In the records below, the line with "#3 small metal block [1049,499,1383,866]" opens the range and the line with "Example of the format, with" closes it; print that range exactly and nothing else.

--- Information given ---

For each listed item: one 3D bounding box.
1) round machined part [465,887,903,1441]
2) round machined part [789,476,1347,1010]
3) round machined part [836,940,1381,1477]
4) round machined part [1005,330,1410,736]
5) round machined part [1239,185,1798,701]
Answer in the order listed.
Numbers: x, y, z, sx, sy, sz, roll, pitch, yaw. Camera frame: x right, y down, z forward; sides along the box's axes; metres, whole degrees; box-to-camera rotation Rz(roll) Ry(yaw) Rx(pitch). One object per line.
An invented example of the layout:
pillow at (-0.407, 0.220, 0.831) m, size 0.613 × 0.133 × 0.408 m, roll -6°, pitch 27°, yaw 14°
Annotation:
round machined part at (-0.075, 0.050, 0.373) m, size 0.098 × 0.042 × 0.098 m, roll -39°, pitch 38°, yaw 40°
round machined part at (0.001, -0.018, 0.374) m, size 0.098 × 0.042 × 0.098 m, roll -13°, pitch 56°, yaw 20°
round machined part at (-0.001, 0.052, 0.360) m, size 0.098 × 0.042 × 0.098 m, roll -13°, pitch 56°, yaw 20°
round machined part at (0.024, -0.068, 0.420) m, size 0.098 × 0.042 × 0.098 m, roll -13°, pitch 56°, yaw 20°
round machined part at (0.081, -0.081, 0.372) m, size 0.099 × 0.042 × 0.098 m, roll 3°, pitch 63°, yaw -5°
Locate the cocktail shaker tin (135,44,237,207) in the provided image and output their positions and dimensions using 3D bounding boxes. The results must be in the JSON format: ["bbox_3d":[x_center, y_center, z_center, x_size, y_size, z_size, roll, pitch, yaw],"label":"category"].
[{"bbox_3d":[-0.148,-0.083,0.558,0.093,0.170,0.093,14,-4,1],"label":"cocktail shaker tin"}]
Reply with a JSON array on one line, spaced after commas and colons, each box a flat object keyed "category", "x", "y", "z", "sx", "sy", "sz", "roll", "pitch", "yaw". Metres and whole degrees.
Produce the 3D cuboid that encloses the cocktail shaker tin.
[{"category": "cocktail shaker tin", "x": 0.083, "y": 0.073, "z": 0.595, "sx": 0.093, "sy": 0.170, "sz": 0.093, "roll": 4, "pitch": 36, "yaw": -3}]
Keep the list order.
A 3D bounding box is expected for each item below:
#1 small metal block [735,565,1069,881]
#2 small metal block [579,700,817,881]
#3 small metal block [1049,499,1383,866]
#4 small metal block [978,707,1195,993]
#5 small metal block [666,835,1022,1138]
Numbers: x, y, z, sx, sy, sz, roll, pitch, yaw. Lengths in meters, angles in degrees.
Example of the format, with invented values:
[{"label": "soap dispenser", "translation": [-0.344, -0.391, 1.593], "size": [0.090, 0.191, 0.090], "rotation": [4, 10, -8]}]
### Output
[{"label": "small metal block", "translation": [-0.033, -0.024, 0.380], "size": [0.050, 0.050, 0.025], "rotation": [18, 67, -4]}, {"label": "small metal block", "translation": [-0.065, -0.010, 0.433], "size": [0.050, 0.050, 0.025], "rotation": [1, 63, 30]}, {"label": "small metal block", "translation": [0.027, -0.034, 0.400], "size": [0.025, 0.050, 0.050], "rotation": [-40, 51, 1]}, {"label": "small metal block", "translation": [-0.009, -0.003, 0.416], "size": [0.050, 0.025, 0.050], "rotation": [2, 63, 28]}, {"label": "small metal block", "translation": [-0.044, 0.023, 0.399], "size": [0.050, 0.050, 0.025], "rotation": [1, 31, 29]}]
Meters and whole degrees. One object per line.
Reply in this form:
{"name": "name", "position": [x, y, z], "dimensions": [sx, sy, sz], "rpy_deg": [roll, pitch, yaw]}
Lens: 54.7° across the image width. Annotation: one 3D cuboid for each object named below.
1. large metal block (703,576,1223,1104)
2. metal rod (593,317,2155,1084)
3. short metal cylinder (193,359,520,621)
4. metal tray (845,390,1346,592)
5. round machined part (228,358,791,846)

---

Response to the exercise>
#3 small metal block [1049,499,1383,866]
#4 small metal block [978,707,1195,993]
#5 small metal block [666,835,1022,1138]
Numbers: x, y, z, sx, sy, sz, roll, pitch, yaw. Lengths in meters, angles in degrees.
Example of the format, with invented values:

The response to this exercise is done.